Figure 4 Transcriptional fusion assays and the rhizobactin operon

Figure 4 Transcriptional fusion assays and the rhizobactin operon. (A) GusA activities were measured for fusions in genes rhtX, rhbB and rhbF in wild-type (Rm1021) and chvI261 mutant (SmUW38) strain backgrounds. (B) The rhizobactin genes are clustered

in one operon, F1 F2 and F3 represent the positions #Defactinib randurls[1|1|,|CHEM1|]# of the fusions to rhtX, rhtB, and rhbF respectively. The grey boxes (B1 and B2) represent the possible position for ChvI binding, and P1 and P2 are predicted promoters. The high basal level of the negatively regulated operons is not really unexpected given that we do not know the repressing conditions, and also the likelihood of multiple regulatory systems acting on these genes. These experiments involved the comparison of gene expression in genetic backgrounds that resulted in differences only in the presence / absence of the ChvI regulator. Otherwise, the environmental conditions

were not altered. Discussion An adaptation of methods to perform gel electrophoresis mobility shift assays allowed us to identify DNA fragments with higher affinity for ChvI. Analyses of these results force us to revise our earlier perceptions following phenotypic analyses of ExoS/ChvI as mainly a regulatory system for exopolysaccharide production.
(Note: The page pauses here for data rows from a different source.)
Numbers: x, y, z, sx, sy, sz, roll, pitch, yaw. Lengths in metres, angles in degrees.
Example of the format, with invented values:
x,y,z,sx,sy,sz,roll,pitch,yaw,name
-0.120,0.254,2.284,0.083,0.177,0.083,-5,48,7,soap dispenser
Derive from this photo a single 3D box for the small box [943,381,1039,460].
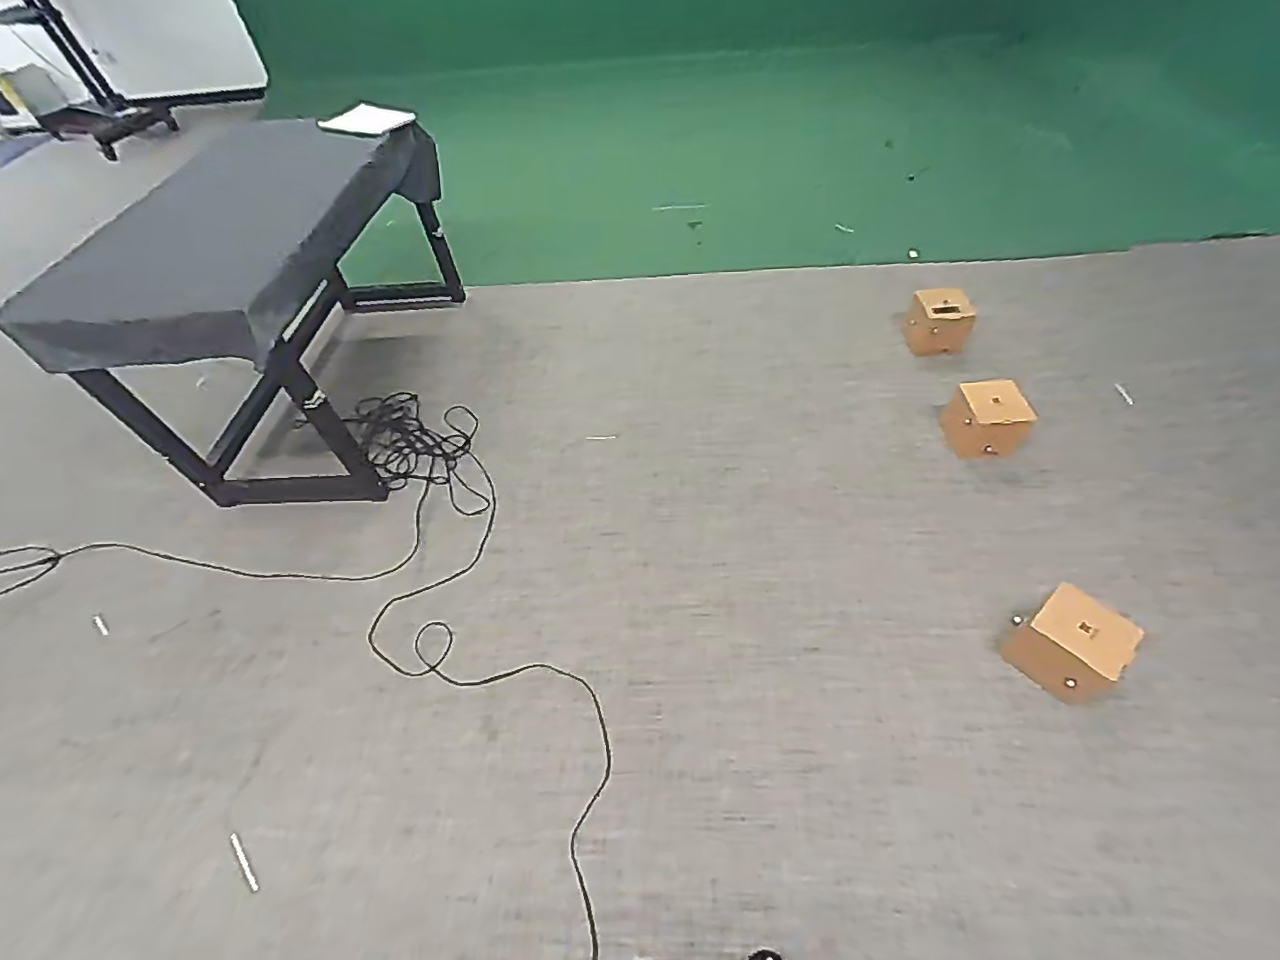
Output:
x,y,z,sx,sy,sz,roll,pitch,yaw,name
1.071,-0.183,1.670,0.168,0.176,0.179,-3,52,2,small box

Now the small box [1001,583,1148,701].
x,y,z,sx,sy,sz,roll,pitch,yaw,name
0.980,0.377,1.232,0.168,0.176,0.179,-36,56,-23,small box

Our results suggest that the ChvI regulon includes genes from diverse pathways. Moreover, ChvI appears to have a dual regulatory role, activating and repressing different operons. The total number of targets likely far outnumbers the 27 fragments that we pulled out in our screen, especially considering that we did not hit the same fragment more than once, and we also did not MDV3100 mouse find a few other targets that had previously been shown to be bound by ChvI. The approach used in our study is highly complementary to the microarray and directed DNA binding study of Chen et al. [17] that resulted in the identification of several potential regulatory targets of ExoS/ChvI and the prediction of a consensus binding sequence. It is important to note, however, that of 19 upstream regions tested, binding was only detected

to three (ropB1, SMb21440, SMc01580), and a putative consensus sequence was determined using some upstream regions to which binding had not been demonstrated. Confirmation of this consensus binding sequence awaits more detailed DNA footprinting experiments on a larger number of identified targets. It is possible that Silibinin many ChvI-repressed genes may not have been detected in that study due to the use of a constitutively activated variant of the ChvI protein that might not have been able to function as a repressor. The binding of ChvI within SMa2337 (rhtX) to repress rhtXrhbABCDEF gene transcription could suggest that following the sensing of a signal other than the presence of iron, ExoS/ChvI represses genes for rhizobactin 1021 production. This operon is known to be upregulated by RhrA in iron-depleted conditions [31] and downregulated by RirA in iron-replete conditions [32].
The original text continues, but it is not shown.